I know it's more convenient to say Baby Boomers than "People Born Between...", but I have a few problems with the idea of labels for specific generations:

1) It only means something for people who grew up in similar cultures and economies. The 60's was not a time of peace & love in the Soviet Union.
2) It assumes a constant rate of change in how different life will be. Technology advanced at different rates throughout the 20th century, and capitalism stopped working how it should in the 70's and hasn't recovered since.
3) The cut-off marks should be more fluid. It's not like someone born in 1995 will be that different from someone born in 1994.
4) It's another false division that gives people another excuse to hate people they've never met for no reason.
5) It perpetuates the idea that arbitrary labels can accurately explain human behaviour.


----------



## Moss Icon (Mar 29, 2011)

Not very. 

It's more of a pop-culture thing than a people-thing, in my opinion. Your point 3) is what's always stuck in my craw as it is totally absurd to suggest someone born in '95 is an entirely different generation to one born in '94. Being born in 1980, I've found myself on the cusp of Generations X and Y. By some standards (and here on PerC), I'm Y. By some, I'm X. And yet I relate most to those born within 5 years of myself in either direction. To say I am of the same generation as my Aunt (born 1968, thus Gen X), and a different generation to my friend Alex (born 1985, thus Gen Y), is ridiculous. Alex and I shared many of the same experiences growing up, played with the same toys, watched the same cartoons, even had that same 90s centre-parted, floppy Hugh Grant-esque haircut. My Aunt didn't share any of those experiences - she was all into 80s fashion and music, which I was largely indifferent to, being aged 0-9 as I was. 

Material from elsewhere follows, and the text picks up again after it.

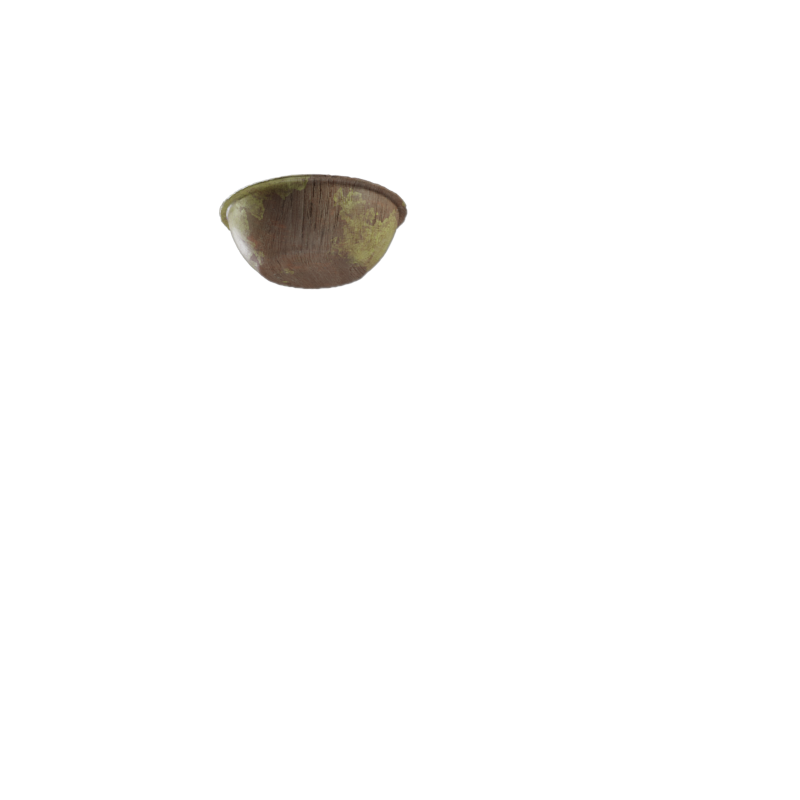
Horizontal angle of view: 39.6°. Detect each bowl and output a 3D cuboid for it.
[{"bbox_3d":[-0.074,-0.135,0.944,0.162,0.057,0.156,0,-15,-2],"label":"bowl"}]

Naah, I think these cultural generations mark a kind of socio-political and pop-cultural mood. These encapsulate people born during a certain time, but generations are ever-changing, and they don't stop for a rest to wait for the next generation to come along. Thus they can't accurately represent everyone born during their "period". It strikes me as perhaps more accurate to blur the lines more, and account for cuspers like myself. Grouping 15-odd years' worth of births together with set cut-off dates just doesn't work at all.


----------